Radio-Canada

Cuba : Fidel Castro « se porte comme un charme »

mercredi 28 oct, 18 h 42

Depuis que Fidel Castro a confié les rênes du pays à son frère Raul pour des raisons de santé, les rumeurs prétendent régulièrement qu'il se trouve à l'article de la mort. Périodiquement, les autorités cubaines ou encore son allié vénézuélien Hugo Chavez affirment au contraire qu'il va bien.

Cette fois-ci, le diagnostic vient de la directrice générale de l'Organisation mondiale de la santé, le Dre Margaret Chan. À l'issue d'une rencontre avec l'ancien président cubain, mardi, elle a affirmé lors d'un point de presse donné à La Havane qu'il « paraissait en pleine forme » et qu'il « se port[ait] « comme un charme ».

Mme Chan, qui était à Cuba pour discuter avec les autorités de la vaccination contre la grippe A (H1N1), a en outre estimé qu'il avait démontré une connaissance « très impressionnante » des questions de santé au cours des deux heures passés en sa compagnie. « Je me suis sentie toute petite, a-t-elle ajouté. Il s'est éloigné à pied de la maison - c'était assez loin - avec beaucoup de vigueur. »

Âgé de 83 ans, « El Comandante » a pris sa retraite politique l'an dernier après avoir subi en 2006 une opération chirurgicale à l'intestin qui l'a tenu éloigné du pouvoir.

Depuis, il n'a fait aucune apparition en public. Les autorités diffusent cependant des vidéos et des photos dans lesquelles il semble relativement en forme. En août dernier, la télévision cubaine a par exemple montré un court film dans lequel on voit Fidel Castro discuter avec une délégation d'étudiants vénézuéliens en droit.

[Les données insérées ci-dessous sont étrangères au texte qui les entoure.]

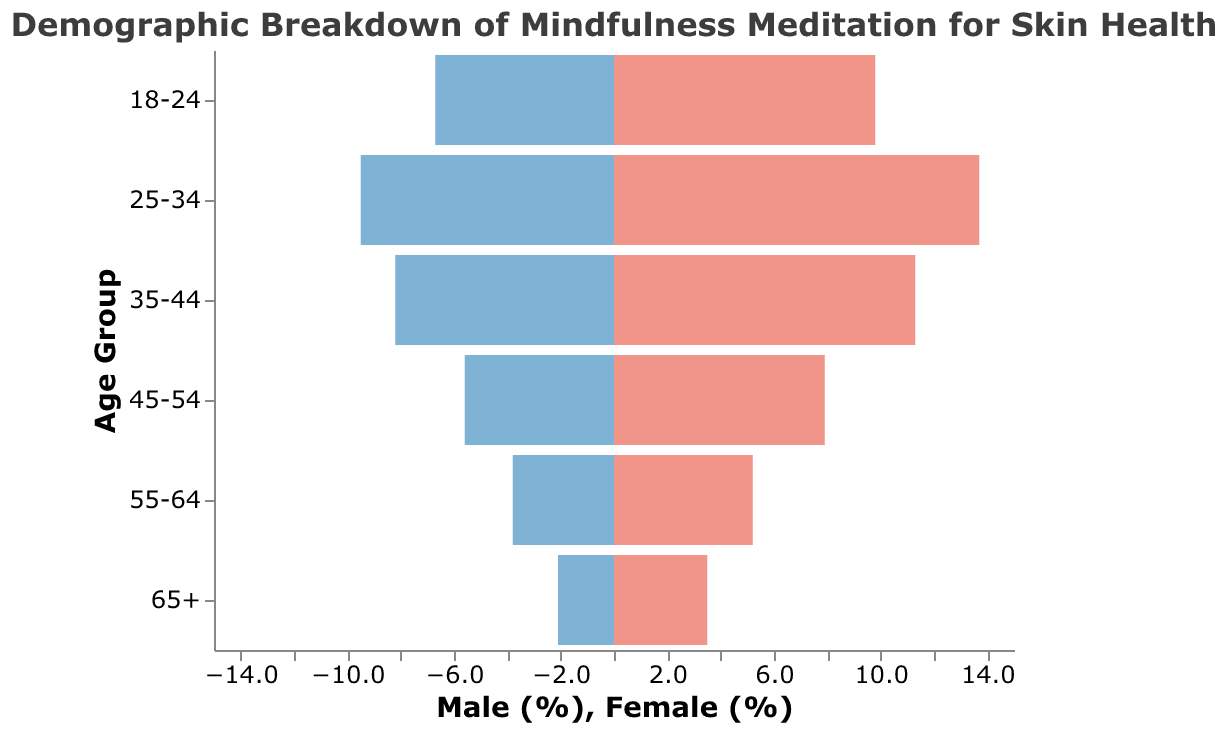What’s the title of the figure? The title is located at the top of the figure and provides an overview of the content. The title text is "Demographic Breakdown of Mindfulness Meditation for Skin Health".
Answer: Demographic Breakdown of Mindfulness Meditation for Skin Health Which age group has the highest percentage of females practicing mindfulness meditation? By examining the lengths of the bars on the right side corresponding to "Female" under the diverse age groups, the age group "25-34" has the highest value at 13.7%.
Answer: 25-34 What percentage of males aged 55-64 practice mindfulness meditation for skin health? Referring to the bar lengths on the left side representing "Male" and finding the bar for the age group "55-64", the label indicates a value of -3.8%.
Answer: 3.8% How much higher is the percentage of females compared to males in the 45-54 age group? The percentage of females in the 45-54 age group is 7.9%, while for males it is 5.6%. The difference is calculated by subtracting the male percentage from the female percentage: 7.9% - 5.6% = 2.3%.
Answer: 2.3% Which age group shows the closest percentage of males practicing mindfulness meditation to 5%? Examining the values on the left side ("Male") and locating the one closest to -5%, the age group "45-54" with a value of -5.6% meets this criterion.
Answer: 45-54 What is the total percentage of people aged 18-24 practicing mindfulness meditation for skin health? The male percentage is 6.7% and the female percentage is 9.8%, summing these values together: 6.7 + 9.8 = 16.5%.
Answer: 16.5% Compare the participation rates in mindfulness meditation between males aged 35-44 and males aged 65+. The percentage of males aged 35-44 is 8.2%, while for males aged 65+ it is 2.1%. By comparing these, 8.2% is significantly higher than 2.1%.
Answer: 35-44 has higher participation What is the average percentage of females practicing mindfulness meditation across all age groups? Adding up all the female percentages: 3.5% + 5.2% + 7.9% + 11.3% + 13.7% + 9.8% = 51.4%. There are 6 age groups, so the average is calculated as 51.4 / 6 = 8.57%.
Answer: 8.57% What is the ratio of females to males in the 25-34 age group practicing mindfulness meditation? For the 25-34 age group: females 13.7% and males 9.5%. The ratio is calculated by dividing the female percentage by the male percentage: 13.7 / 9.5 ≈ 1.44.
Answer: 1.44

L'ONU condamne (encore) l'embargo américain

Mercredi, l'Assemblée générale des Nations unies a quasi unanimement condamné l'embargo commercial imposé par les États-Unis à Cuba depuis 1962 et renforcé à quelques reprises depuis. Les pays membres ont réclamé sa levée à 187 voix contre 3, deux pays choisissant de s'abstenir.

Sans surprise, l'opposition est venue des États-Unis, de son allié israélien et de Palau, une petite île d'Océanie qui dépend de l'aide économique américaine. Les îles Marshall et la Micronésie se sont pour leur part abstenues.

Plusieurs pays ont pris la parole pour critiquer les efforts de Washington visant à isoler La Havane, dont bien sûr le Venezuela, la Chine et la Russie, mais aussi les membres de l'Union européenne, le Mexique, le Brésil, l'Inde et le Brésil.

Le Mexique a résumé le sentiment général en soutenant que « l'exclusion, loin de résoudre les controverses, les amplifie de manière négative ».

« L'embargo est un acte arrogant et non civilisé », a de son côté déclaré le ministre cubain des Affaires étrangères, Bruno Rodriguez Parrilla. Il a parlé des effets dévastateurs de l'embargo sur la population cubaine, dans des domaines comme l'accès aux médicaments, la technologie ou la culture. « Le président Obama a l'occasion d'instaurer un changement de politique vis-à-vis de Cuba et d'éliminer l'embargo », a-t-il ajouté.

L'ambassadrice américaine à l'ONU, Susan Rice, a pour sa part déploré que Cuba ait conservé « une rhétorique digne de la guerre froide » et insisté sur les mesures prises par Barack Obama depuis son accession au pouvoir, en janvier dernier.

Washington a démontré un certain assouplissement à l'endroit de Cuba, levant la restriction, pour les Américano-Cubains, de visiter l'île et leur permettant d'envoyer de l'argent à leur famille. Le président américain a toutefois averti que l'embargo resterait en vigueur aussi longtemps que le régime cubain ne ferait pas de progrès en matière de droits de la personne et qu'il continuerait de détenir ses prisonniers politiques.

Le débat entourant la « nécessité de lever le blocus économique, commercial et financier imposé à Cuba par les États-Unis d'Amérique » est presque devenu un rituel pour l'Assemblée générale. C'est la 18e année que cette résolution, qui n'est pas contraignante, y est présentée.

Au fil des ans, ce n'est pas tant le nombre de pays s'opposant à la mesure qui a augmenté, que le taux d'abstention qui a progressivement diminué. Lors du premier vote de 1992, 59 pays avaient soutenu la résolution, 2 l'avaient rejetée et 71 s'étaient abstenus.